YSU STEM Expo Brings Employers and Students Together

YOUNGSTOWN, Ohio — Haltec Corp. was Michael Stevens’ first stop at the Spring 2022 STEM Expo Thursday inside Stambaugh Stadium.

Stevens, a junior at Youngstown State University studying information technology with a concentration on databases, knew a recent graduate who works for Haltec. Seeing a peer find local work gives him confidence as he spoke with representatives from Haltec and the rest of the 13 IT employers present at the event.

“I see a lot of my fellow alumni being picked up by all these companies,” Stevens said. “It helps me feel better about myself that I can get a job at these companies.”

Some 550 to 600 YSU students and alumni spent the day visiting with 71 in-person employers and 12 others who attended virtually. Students sought full-time positions, co-op, internships or something for a senior capstone project, said Sherri Hrusovski, YSU director of STEM professional services.

More employers are increasing their involvement with students on campus, she said. They come to campus and talk to students in a classroom setting, “not only about their companies, but their majors,” Hrusovski said. “[They are] trying to figure out new ways to get closer to the students.”

Khaled Alsharif, who is working toward a master’s degree in electrical engineering, has friends who graduated with him last year who are in the workforce.

“YSU is a really good place, especially for mechanical engineering and electrical,” he said. “You get that professor-student interaction, which gives you the confidence to achieve great things in the future.”

ultium simmers haltec

Gallery images include Khaled Alsharif and Chris Allen of Ultium Cells; Simmer Crane’s Paul Miller, Pat DeChellis and Tom Cunningham; and Haltec Corp.’s Adam Shields, Jeff Kovacich, Henry Meckler and Adam Kemp.

There are as many as 40 YSU students working at Simmers Crane and Design Services in Salem out of the 90 employed there.

“We’ve been very successful with the performance of all the YSU graduates,” said Pat DeChellis, operations manager at Simmers Crane. “The way they operate and their work ethic, we’ve been able to grow using their services here.

YSU emphasizes the basic fundamentals of engineering, which is helpful to the diverse work environment of Simmers Crane employees, he says.

“They’re not at a desk every day doing engineering work,” DeChellis said. “They go in the field, climb on cranes, meet our customers, run projects – actually running their own business within our business.

“The more of them that can do that, we are successful in growing our organization,” he continued. “They care about what we do. We come back looking for more every year.”


Haltec is a Leetonia-based company that designs and manufactures custom tire valves, torque products and inflation systems for commercial trucks, off-the-road markets and adjacent transportation systems.

What draws job seekers are the football inflation systems produced by Haltec for the NFL to prepare 24 to 26 Wilson-made footballs for game days.

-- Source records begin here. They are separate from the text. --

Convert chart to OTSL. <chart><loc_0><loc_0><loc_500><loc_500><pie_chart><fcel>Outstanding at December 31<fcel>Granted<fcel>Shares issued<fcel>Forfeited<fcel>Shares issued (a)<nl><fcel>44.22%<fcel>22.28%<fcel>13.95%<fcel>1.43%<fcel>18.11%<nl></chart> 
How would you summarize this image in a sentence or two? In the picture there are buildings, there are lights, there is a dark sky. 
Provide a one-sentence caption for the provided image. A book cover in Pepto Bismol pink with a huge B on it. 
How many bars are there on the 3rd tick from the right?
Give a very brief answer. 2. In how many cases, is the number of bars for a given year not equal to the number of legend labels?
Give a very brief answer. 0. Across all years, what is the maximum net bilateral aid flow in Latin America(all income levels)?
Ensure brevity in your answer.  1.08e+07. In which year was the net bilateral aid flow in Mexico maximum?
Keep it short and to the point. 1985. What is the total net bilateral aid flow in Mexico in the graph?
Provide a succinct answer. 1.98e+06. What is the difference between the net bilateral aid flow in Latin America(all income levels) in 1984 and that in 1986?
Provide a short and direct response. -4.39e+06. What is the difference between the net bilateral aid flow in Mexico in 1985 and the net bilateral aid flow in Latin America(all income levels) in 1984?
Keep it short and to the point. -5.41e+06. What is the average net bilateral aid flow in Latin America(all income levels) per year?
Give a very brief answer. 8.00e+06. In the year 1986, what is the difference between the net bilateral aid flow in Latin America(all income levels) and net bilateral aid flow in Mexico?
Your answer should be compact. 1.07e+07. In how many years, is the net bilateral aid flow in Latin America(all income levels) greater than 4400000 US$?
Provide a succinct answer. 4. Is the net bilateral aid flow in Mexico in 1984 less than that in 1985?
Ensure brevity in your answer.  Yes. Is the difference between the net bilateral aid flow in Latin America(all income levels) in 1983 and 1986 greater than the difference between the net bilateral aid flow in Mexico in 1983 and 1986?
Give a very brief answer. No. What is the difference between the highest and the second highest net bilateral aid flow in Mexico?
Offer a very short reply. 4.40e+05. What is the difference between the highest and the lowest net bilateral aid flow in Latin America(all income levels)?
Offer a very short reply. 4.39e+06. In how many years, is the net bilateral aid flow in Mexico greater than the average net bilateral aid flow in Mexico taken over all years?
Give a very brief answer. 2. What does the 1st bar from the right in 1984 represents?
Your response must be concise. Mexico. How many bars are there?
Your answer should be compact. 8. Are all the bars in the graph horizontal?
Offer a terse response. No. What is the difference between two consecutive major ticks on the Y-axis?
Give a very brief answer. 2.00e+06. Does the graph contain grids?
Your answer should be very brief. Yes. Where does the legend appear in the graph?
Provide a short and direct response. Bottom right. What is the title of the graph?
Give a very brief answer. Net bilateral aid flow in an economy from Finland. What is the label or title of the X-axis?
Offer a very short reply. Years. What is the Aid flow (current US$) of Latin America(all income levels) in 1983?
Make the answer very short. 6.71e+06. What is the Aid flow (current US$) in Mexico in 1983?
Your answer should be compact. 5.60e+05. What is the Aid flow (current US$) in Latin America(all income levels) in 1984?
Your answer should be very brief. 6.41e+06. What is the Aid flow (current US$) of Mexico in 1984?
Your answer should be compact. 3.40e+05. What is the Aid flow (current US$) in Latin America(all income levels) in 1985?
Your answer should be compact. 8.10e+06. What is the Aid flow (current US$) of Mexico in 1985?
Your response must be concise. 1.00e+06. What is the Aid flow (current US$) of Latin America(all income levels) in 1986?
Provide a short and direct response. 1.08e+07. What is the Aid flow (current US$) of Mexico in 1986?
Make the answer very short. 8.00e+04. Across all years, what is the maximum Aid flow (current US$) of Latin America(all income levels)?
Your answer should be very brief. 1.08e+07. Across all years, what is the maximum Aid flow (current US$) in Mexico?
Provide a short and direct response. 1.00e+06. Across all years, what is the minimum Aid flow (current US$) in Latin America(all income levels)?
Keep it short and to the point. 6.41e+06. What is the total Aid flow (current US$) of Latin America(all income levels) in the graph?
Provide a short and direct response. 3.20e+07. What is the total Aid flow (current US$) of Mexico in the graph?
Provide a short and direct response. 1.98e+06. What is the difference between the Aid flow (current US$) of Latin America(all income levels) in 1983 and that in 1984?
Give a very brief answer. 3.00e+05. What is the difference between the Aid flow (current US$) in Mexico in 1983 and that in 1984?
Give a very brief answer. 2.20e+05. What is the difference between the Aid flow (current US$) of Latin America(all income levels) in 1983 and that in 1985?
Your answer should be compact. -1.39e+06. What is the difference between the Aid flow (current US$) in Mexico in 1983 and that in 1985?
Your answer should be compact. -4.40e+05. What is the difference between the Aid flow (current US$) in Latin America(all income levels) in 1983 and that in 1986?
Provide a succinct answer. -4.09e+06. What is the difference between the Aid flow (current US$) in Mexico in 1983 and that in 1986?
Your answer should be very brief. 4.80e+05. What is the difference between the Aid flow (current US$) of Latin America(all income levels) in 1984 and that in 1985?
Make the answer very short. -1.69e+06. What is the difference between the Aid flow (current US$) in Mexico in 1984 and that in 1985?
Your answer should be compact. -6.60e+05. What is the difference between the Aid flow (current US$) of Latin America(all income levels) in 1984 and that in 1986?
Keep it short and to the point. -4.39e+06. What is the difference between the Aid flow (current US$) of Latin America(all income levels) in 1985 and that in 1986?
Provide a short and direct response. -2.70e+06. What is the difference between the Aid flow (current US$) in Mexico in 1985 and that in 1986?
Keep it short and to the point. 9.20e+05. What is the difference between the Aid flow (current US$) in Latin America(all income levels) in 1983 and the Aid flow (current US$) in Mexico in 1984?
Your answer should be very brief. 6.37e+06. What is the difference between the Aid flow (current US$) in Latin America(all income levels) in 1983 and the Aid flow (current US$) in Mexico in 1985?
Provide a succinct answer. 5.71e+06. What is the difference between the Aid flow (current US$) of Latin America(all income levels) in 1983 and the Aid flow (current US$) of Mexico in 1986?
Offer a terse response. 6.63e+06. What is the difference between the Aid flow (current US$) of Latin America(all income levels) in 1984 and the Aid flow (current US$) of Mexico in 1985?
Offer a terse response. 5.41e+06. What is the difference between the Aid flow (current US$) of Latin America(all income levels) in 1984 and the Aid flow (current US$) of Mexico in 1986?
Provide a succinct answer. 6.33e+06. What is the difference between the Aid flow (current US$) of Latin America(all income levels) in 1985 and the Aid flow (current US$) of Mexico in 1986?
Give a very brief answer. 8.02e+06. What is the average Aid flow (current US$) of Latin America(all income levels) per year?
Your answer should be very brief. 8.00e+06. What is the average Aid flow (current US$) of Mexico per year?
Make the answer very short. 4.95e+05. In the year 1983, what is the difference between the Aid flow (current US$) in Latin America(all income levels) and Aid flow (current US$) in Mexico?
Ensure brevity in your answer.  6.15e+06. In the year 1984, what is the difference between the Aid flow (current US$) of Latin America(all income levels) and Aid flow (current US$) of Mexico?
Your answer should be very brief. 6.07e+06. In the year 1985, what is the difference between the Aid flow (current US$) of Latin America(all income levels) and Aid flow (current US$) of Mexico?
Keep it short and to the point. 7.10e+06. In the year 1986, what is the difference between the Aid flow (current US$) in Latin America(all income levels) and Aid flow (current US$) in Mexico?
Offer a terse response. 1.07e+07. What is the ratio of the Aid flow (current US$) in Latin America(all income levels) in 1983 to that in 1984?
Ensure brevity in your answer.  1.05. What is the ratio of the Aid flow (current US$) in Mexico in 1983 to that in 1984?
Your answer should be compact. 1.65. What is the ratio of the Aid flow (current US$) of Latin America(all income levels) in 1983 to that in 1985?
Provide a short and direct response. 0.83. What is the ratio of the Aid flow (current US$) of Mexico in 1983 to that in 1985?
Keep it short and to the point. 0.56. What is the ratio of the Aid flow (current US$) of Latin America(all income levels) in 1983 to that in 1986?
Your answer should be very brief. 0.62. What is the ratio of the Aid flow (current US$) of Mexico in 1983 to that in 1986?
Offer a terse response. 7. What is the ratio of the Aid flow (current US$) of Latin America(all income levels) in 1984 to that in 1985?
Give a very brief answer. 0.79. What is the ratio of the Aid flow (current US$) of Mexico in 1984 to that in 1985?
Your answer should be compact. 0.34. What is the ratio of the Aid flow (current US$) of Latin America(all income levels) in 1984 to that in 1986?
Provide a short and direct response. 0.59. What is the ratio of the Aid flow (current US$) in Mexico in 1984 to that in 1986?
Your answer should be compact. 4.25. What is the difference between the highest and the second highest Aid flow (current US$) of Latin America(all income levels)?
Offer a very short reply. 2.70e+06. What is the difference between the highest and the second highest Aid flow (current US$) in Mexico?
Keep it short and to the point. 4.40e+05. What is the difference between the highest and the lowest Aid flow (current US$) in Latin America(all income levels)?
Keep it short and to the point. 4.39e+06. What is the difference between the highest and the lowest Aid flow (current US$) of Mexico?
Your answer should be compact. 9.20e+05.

YSU’s football team has a couple of these systems as well.

“We’re looking for intellectually curious individuals who are willing to take concepts, bring them to life and collaborate very actively with our teams,” said Adam Kemp, Haltec vice president of engineering. “We have a very relaxed and collaborative environment. We’re looking for people to fill in, leverage their skills that they’re learning in school and have fun.”

Expos like these are no longer a one-way conversation with the employer dictating and job prospect listening. These future employees want to know about the work environment and balance with social life, sometimes more so than salary requirements.

“The greatest pitch I could get from a company is what they can offer me in terms of as much knowledge as they can give me,” Stevens said.

Alsharif spoke to Ultium Cells LLC, Lordstown Motors Corp. and other area companies. He earned his undergraduate degree in mechanical engineering and did a good amount of design work.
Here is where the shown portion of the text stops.